- Kate O’Rourke, Gastroenterology & Endoscopy News 1
While previous research has demonstrated that the origins of celiac disease are largely genetic, a new study reveals that an underlying cause of the disease also may be environmental. The study, submitted to the 2020 Digestive Disease Week (abstract 1120), found that levels of toxic chemicals found in pesticides, nonstick cookware and fire retardants are increased in young people with celiac.
“It is not that our study shows that pollutants cause celiac disease. We think it is a combination of pollutants, plus genes, plus exposure to gluten that causes the disease,” said Jeremiah Levine, MD, a pediatric gastroenterologist at NYU Langone Health, in New York City, and the senior investigator on the research project.
“Our study establishes the first measurable tie-in between environmental exposure to toxic chemicals and celiac disease.”
Dr. Levine said he launched the study because of the unexplained increase in the incidence of celiac disease, which affects roughly one in 100 adults worldwide. He has had a long-standing interest in whether environmental issues could be contributing to the increased incidence of gastrointestinal diseases.
While the HLA-DQ2 and HLA-DQ8 genotypes play a clear and important role in the pathology of celiac disease, evidence from mouse models suggests that genetic predisposition and exposure to gluten are not the only factors contributing to the condition, Dr. Levine said.
To conduct the study, Dr. Levine’s group prospectively evaluated all children who presented at NYU Langone Hassenfeld Children’s Hospital with complaints that would raise concerns about the possibility of celiac disease. The researchers then followed the children to determine who had celiac disease and who did not and evaluated their exposure to persistent organic pollutants (POPs).
These halogenated, synthetic organic compounds are used in a variety of manufacturing and industrial processes, and are known endocrine disruptors with a plausible link to celiac disease, given the interplay between the endocrine and immune systems, according to the researchers.
The study cohort included 30 children and young adults, aged 3 to 21 years, who were newly diagnosed with celiac disease, and 60 other young people without the disease of similar age, sex and race.
After controlling for sex, race, age, BMI and genetic susceptibility, researchers found:
- Patients with higher concentrations of serum p,p’-dichlorodiphenyldichloroethylene (DDE) had double the risk for celiac disease (95% CI, 1.08-3.84).
- After stratifying by sex, the researchers found higher odds of celiac disease in females with serum concentrations of DDE (odds ratio [OR], 13; 95% CI, 1.54-110), perfluorooctanesulfonic acid (OR, 12.8; 95% CI, 1.17-141), and perfluorooctanoic acid (OR, 20.6; 95% CI, 1.13-375) and in males with serum BDE153, a polybrominated diphenyl ether (PBDE) congener (OR, 2.28; 95% CI, 1.01-5.18).
DDE is the main metabolite of dichlorodiphenyltrichloroethane, which was predominately used as an insecticide until U.S. regulators banned the substance in 1972. Perfluoroalkyl substances including perfluorooctanesulfonic acid and perfluorooctanoic acid are commonly used as surfactants and polymers for consumer products and building materials. PBDEs are ingredients in flame retardants in upholstered furniture, mattresses and electronic products.
Although many of these substances have been or are being phased out of use, they are resistant to degradation and can accumulate in animal and human tissue.
Dr.
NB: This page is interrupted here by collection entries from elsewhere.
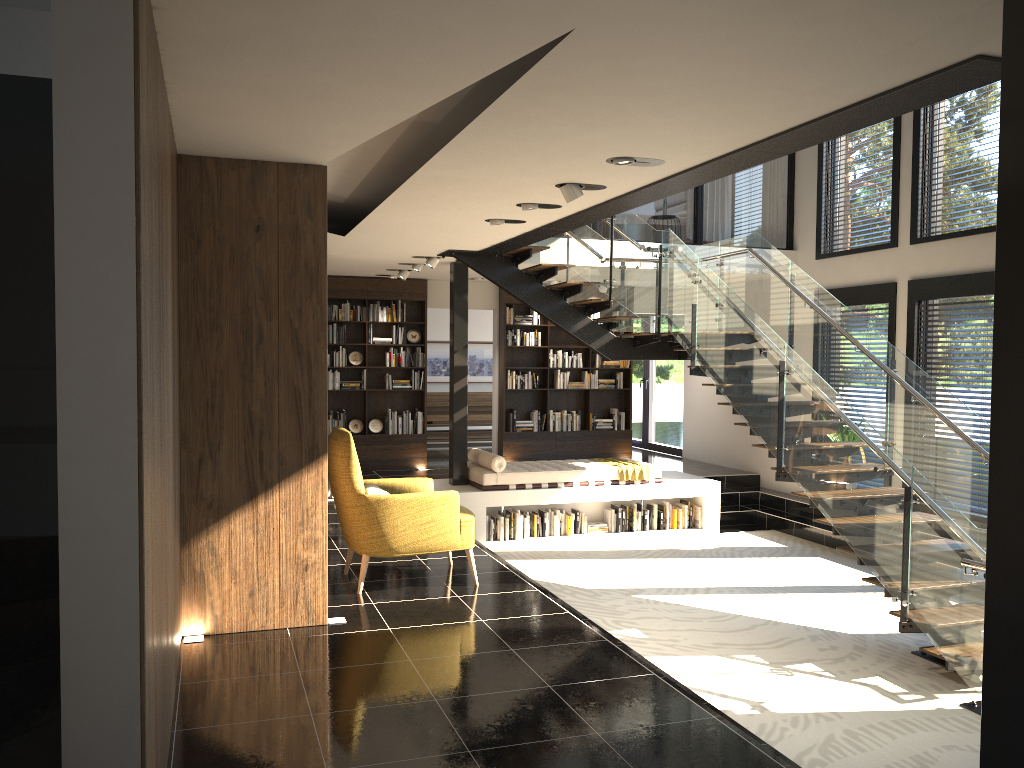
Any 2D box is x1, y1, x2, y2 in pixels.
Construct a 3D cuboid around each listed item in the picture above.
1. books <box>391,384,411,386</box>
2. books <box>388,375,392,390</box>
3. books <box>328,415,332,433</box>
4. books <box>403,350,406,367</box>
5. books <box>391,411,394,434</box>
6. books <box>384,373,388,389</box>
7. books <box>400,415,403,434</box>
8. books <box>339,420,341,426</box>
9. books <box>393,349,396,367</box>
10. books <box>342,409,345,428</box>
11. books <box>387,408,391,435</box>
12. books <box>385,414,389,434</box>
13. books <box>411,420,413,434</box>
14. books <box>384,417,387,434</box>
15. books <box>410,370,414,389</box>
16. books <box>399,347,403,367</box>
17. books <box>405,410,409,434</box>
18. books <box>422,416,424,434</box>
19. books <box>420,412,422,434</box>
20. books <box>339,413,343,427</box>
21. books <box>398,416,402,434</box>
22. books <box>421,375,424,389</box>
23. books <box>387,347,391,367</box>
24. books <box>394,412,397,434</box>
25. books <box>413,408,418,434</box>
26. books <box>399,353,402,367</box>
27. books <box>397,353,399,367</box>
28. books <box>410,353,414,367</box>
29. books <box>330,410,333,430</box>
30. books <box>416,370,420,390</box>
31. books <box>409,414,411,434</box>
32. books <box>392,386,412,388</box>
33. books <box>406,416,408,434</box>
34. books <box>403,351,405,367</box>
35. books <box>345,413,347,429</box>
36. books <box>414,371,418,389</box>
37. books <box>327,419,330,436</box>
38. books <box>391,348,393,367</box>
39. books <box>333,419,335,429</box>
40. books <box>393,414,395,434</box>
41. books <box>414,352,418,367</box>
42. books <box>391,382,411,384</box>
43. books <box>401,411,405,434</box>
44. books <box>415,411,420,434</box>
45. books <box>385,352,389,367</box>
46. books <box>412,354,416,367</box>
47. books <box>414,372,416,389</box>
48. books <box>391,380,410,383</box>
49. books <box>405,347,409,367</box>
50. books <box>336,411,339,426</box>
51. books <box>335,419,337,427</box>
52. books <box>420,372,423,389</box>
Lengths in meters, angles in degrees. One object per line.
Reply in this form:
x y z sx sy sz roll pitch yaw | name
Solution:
-1.578 0.011 12.555 0.263 0.030 0.159 0 2 -21 | books
-1.730 -0.027 12.479 0.036 0.206 0.215 0 2 -19 | books
-2.514 0.566 12.243 0.017 0.282 0.232 0 2 -19 | books
-1.524 -0.360 12.530 0.030 0.239 0.146 0 2 -19 | books
-1.695 0.547 12.535 0.019 0.317 0.122 0 3 -19 | books
-1.769 -0.037 12.496 0.028 0.224 0.161 0 2 -19 | books
-1.571 0.575 12.577 0.025 0.260 0.114 0 2 -19 | books
-2.400 0.602 12.304 0.033 0.209 0.192 0 2 -19 | books
-1.656 -0.367 12.466 0.014 0.253 0.169 0 2 -19 | books
-2.336 0.530 12.278 0.019 0.357 0.234 0 2 -19 | books
-1.731 0.527 12.476 0.017 0.360 0.189 0 2 -19 | books
-1.764 0.567 12.511 0.024 0.278 0.135 0 2 -19 | books
-1.443 0.607 12.629 0.032 0.195 0.134 0 2 -19 | books
-1.788 0.583 12.512 0.023 0.245 0.135 0 2 -19 | books
-1.424 -0.064 12.588 0.014 0.279 0.202 0 2 -19 | books
-1.568 -0.381 12.501 0.020 0.281 0.153 0 2 -19 | books
-1.484 0.540 12.580 0.016 0.332 0.195 0 2 -19 | books
-1.286 0.582 12.661 0.029 0.247 0.139 0 2 -19 | books
-1.310 0.552 12.641 0.029 0.307 0.149 0 2 -19 | books
-2.365 0.555 12.294 0.027 0.304 0.204 0 2 -19 | books
-1.597 0.578 12.555 0.037 0.256 0.145 0 2 -19 | books
-1.281 -0.027 12.648 0.021 0.204 0.169 0 2 -19 | books
-1.725 -0.381 12.463 0.025 0.281 0.145 0 2 -19 | books
-1.655 0.545 12.533 0.019 0.321 0.161 0 2 -19 | books
-1.388 0.528 12.616 0.065 0.354 0.164 0 2 -19 | books
-1.586 -0.337 12.474 0.032 0.195 0.182 0 2 -19 | books
-1.622 -0.341 12.492 0.026 0.200 0.154 0 2 -19 | books
-1.432 -0.340 12.565 0.060 0.196 0.119 0 2 -19 | books
-2.492 0.538 12.231 0.016 0.341 0.217 0 2 -19 | books
-1.334 -0.058 12.603 0.013 0.267 0.177 0 2 -19 | books
-1.468 0.559 12.587 0.018 0.292 0.191 0 2 -19 | books
-1.575 0.041 12.547 0.271 0.028 0.174 0 2 -23 | books
-1.508 0.580 12.593 0.022 0.250 0.144 0 2 -19 | books
-1.543 -0.350 12.499 0.027 0.219 0.139 0 2 -19 | books
-2.314 0.549 12.310 0.042 0.316 0.193 0 2 -19 | books
-1.373 -0.054 12.640 0.038 0.257 0.138 0 2 -19 | books
-2.538 0.596 12.248 0.026 0.222 0.209 0 2 -19 | books
-1.699 -0.376 12.453 0.019 0.272 0.175 0 2 -19 | books
-2.481 0.595 12.277 0.034 0.223 0.208 0 2 -19 | books
-1.678 0.561 12.543 0.019 0.289 0.145 0 2 -19 | books
-1.360 -0.345 12.560 0.020 0.209 0.147 0 2 -19 | books
-1.579 -0.013 12.559 0.266 0.019 0.157 0 2 -17 | books
-1.546 0.545 12.559 0.012 0.322 0.177 0 2 -19 | books
-1.342 0.548 12.637 0.035 0.315 0.168 0 2 -19 | books
-1.756 -0.346 12.462 0.033 0.211 0.132 0 2 -19 | books
-1.387 -0.336 12.570 0.026 0.190 0.121 0 2 -19 | books
-1.385 -0.048 12.592 0.014 0.247 0.192 0 2 -19 | books
-1.582 -0.038 12.566 0.239 0.031 0.146 0 2 -19 | books
-1.486 -0.379 12.525 0.037 0.277 0.179 0 2 -19 | books
-2.416 0.546 12.275 0.016 0.322 0.218 0 2 -19 | books
-2.448 0.595 12.288 0.036 0.222 0.173 0 2 -19 | books
-1.304 -0.051 12.608 0.047 0.253 0.210 0 2 -19 | books

Levine said the new findings may help to explain why some children with genetic susceptibility develop celiac disease while others remain disease-free. Dr. Levine said the POPs his group analyzed may act by altering tight junctions in the gut, allowing for gliadin—a key protein in gluten—to more easily cross the small intestinal epithelium. Alternatively, POPs may act in an endocrine-disrupting manner by enhancing the immune response after gliadin has crossed the intestinal barrier, he said.
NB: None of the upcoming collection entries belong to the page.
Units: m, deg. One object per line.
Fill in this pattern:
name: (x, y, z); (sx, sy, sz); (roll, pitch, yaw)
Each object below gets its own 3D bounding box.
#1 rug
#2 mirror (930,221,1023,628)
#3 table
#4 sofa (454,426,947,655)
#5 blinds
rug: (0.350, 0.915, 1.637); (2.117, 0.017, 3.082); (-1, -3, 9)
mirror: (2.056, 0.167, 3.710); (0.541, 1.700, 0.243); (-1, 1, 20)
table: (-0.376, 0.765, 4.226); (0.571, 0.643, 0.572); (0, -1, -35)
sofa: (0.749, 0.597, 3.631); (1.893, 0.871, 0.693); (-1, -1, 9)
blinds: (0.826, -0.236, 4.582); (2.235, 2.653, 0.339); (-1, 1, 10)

- “This study suggests that there may be a role in environmental exposure predisposing patients who are otherwise predisposed to develop celiac disease because of genetics to developing celiac disease, potentially through the effect on the gut barrier or on immune disruption,” Dr. Levine said.
- “One should look further with regard to the association between exposure to organic pollutants and the development of celiac disease, and in addition, potentially look for other autoimmune diseases that similarly may have underlying environmental triggers.”
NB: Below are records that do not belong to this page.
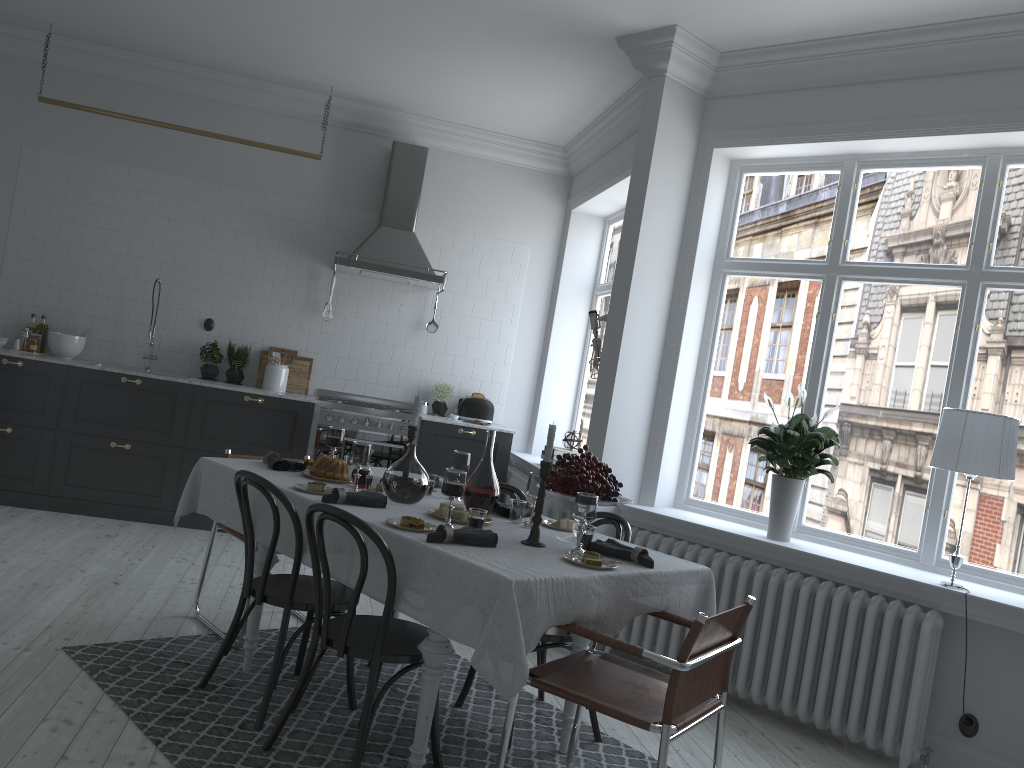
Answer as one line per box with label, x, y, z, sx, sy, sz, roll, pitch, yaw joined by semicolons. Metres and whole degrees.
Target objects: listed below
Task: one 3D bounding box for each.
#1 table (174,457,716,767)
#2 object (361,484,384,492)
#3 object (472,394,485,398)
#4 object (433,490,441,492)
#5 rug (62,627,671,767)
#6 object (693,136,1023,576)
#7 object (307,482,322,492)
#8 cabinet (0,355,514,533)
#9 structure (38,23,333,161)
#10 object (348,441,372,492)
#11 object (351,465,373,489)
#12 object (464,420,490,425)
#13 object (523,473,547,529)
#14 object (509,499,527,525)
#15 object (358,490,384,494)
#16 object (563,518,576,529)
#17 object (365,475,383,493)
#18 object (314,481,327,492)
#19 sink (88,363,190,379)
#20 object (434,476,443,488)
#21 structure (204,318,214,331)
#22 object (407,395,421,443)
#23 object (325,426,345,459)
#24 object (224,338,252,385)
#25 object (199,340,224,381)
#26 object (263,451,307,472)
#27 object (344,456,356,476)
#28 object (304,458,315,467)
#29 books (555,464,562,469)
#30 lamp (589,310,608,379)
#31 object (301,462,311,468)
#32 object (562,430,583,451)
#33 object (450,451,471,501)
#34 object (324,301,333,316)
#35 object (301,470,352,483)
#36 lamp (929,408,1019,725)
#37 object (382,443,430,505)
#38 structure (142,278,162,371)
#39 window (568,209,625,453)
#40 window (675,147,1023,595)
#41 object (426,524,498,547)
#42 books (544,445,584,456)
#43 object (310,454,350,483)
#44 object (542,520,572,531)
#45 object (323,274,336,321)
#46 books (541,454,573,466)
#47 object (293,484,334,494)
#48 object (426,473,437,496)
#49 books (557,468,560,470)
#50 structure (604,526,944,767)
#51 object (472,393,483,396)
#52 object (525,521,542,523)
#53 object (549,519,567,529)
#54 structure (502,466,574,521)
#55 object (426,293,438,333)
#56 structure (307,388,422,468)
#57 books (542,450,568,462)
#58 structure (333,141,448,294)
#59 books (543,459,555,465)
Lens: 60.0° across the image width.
table;-0.401;0.912;3.605;1.210;0.842;2.179;9;0;-45
object;-0.584;0.441;3.731;0.031;0.031;0.167;9;0;24
object;-0.274;0.132;7.113;0.107;0.110;0.010;9;0;-7
object;-0.340;0.493;4.117;0.031;0.012;0.131;10;0;31
rug;-0.540;1.307;3.502;1.701;0.021;2.166;9;0;-44
object;-9.651;-2.463;0.491;33.873;19.432;72.085;10;0;43
object;-0.783;0.408;3.516;0.057;0.037;0.021;9;0;-21
cabinet;-1.997;0.556;6.629;3.897;1.012;0.646;9;0;-12
structure;-2.334;-2.098;6.411;1.988;0.556;0.053;9;0;-12
object;-0.623;0.346;3.593;0.083;0.215;0.083;9;0;-7
object;-0.647;0.397;3.826;0.091;0.101;0.091;10;0;34
object;-0.275;0.303;6.886;0.209;0.011;0.209;10;0;26
object;0.091;0.465;3.511;0.083;0.215;0.083;9;0;-16
object;0.019;0.512;3.548;0.066;0.094;0.066;9;0;0
object;-0.580;0.455;3.750;0.075;0.009;0.150;9;0;23
object;0.222;0.575;3.660;0.040;0.039;0.077;9;0;-42
object;-0.557;0.417;3.534;0.066;0.094;0.066;9;0;-23
object;-0.772;0.409;3.547;0.057;0.037;0.021;9;0;7
sink;-2.719;0.006;6.430;0.669;0.203;0.384;9;0;-12
object;-0.424;0.456;4.204;0.165;0.061;0.247;10;0;28
structure;-2.337;-0.457;6.838;0.079;0.103;0.032;9;0;-12
object;-0.441;0.264;3.848;0.089;0.432;0.089;9;0;11
object;-0.831;0.310;4.124;0.083;0.215;0.083;9;0;-7
object;-2.101;-0.181;6.773;0.186;0.367;0.196;10;0;33
object;-2.296;-0.185;6.748;0.172;0.311;0.179;9;0;-1
object;-1.076;0.348;4.009;0.247;0.061;0.165;10;0;28
object;-0.749;0.383;4.097;0.066;0.094;0.066;9;0;-23
object;-0.962;0.374;4.224;0.038;0.041;0.057;9;0;22
books;0.460;0.587;6.025;0.274;0.016;0.341;9;0;-10
lamp;0.485;0.069;5.070;0.131;0.977;0.312;9;0;-37
object;-0.935;0.393;4.220;0.182;0.013;0.182;9;0;-12
object;0.439;0.409;6.415;0.147;0.148;0.147;9;0;-20
object;-0.238;0.409;3.936;0.083;0.215;0.083;9;0;-7
object;-1.418;-0.701;6.943;0.066;0.332;0.024;9;0;-7
object;-0.808;0.414;3.931;0.251;0.018;0.251;9;0;-12
lamp;1.921;0.783;3.840;0.335;1.331;0.335;9;0;-24
object;-0.425;0.363;3.602;0.194;0.245;0.194;9;0;-28
structure;-2.656;-0.436;6.550;0.100;0.692;0.266;9;0;-12
window;0.810;-0.342;6.521;0.061;2.080;1.716;9;0;-12
window;1.896;-0.156;4.465;2.079;2.080;0.061;10;0;41
object;-0.152;0.504;2.942;0.165;0.061;0.247;10;0;28
books;0.392;0.495;6.397;0.259;0.038;0.325;9;0;-10
object;-0.808;0.372;3.923;0.191;0.105;0.164;9;0;8
object;0.207;0.585;3.640;0.182;0.013;0.182;9;0;-12
object;-1.414;-0.676;6.912;0.074;0.381;0.076;9;0;-31
books;0.374;0.558;6.394;0.259;0.031;0.328;9;0;-14
object;-0.776;0.421;3.527;0.182;0.013;0.182;9;0;3
object;-0.372;0.446;3.937;0.066;0.094;0.066;9;0;-23
books;0.448;0.602;6.026;0.254;0.019;0.337;9;0;-13
structure;1.194;1.247;4.340;1.710;0.753;0.245;10;0;41
object;-0.282;0.126;7.189;0.107;0.110;0.010;9;0;-7
object;0.085;0.565;3.647;0.031;0.012;0.131;10;0;31
object;0.191;0.568;3.631;0.039;0.040;0.078;9;0;-37
structure;0.102;1.061;6.403;0.245;0.753;1.673;9;0;-12
object;-0.620;-0.569;7.099;0.101;0.331;0.030;9;0;-1
structure;-1.184;0.649;6.793;0.779;1.096;0.651;9;0;-12
books;0.393;0.530;6.386;0.287;0.031;0.351;9;0;-12
structure;-0.867;-1.307;6.826;0.843;1.079;0.567;9;0;-12
books;0.379;0.597;6.385;0.259;0.044;0.351;9;0;-10

- “This study is not proof of causality, and that is an important point,” said Joseph Murray, MD, a professor of medicine and celiac expert at Mayo Clinic in Rochester, Minn., who was not involved in the research. “This study raises the possibility that maybe these [POPs] are not safe, at least in this example of an autoimmune condition. There is no question that a lot more work will be needed to confirm the association and then to identify or determine if there is a causal relationship between them.”
- Dr. Murray provided an alternative explanation for the findings. “There is the possibility of what is called reverse causality, that having celiac disease makes your body take up more of these organic substances,” he said.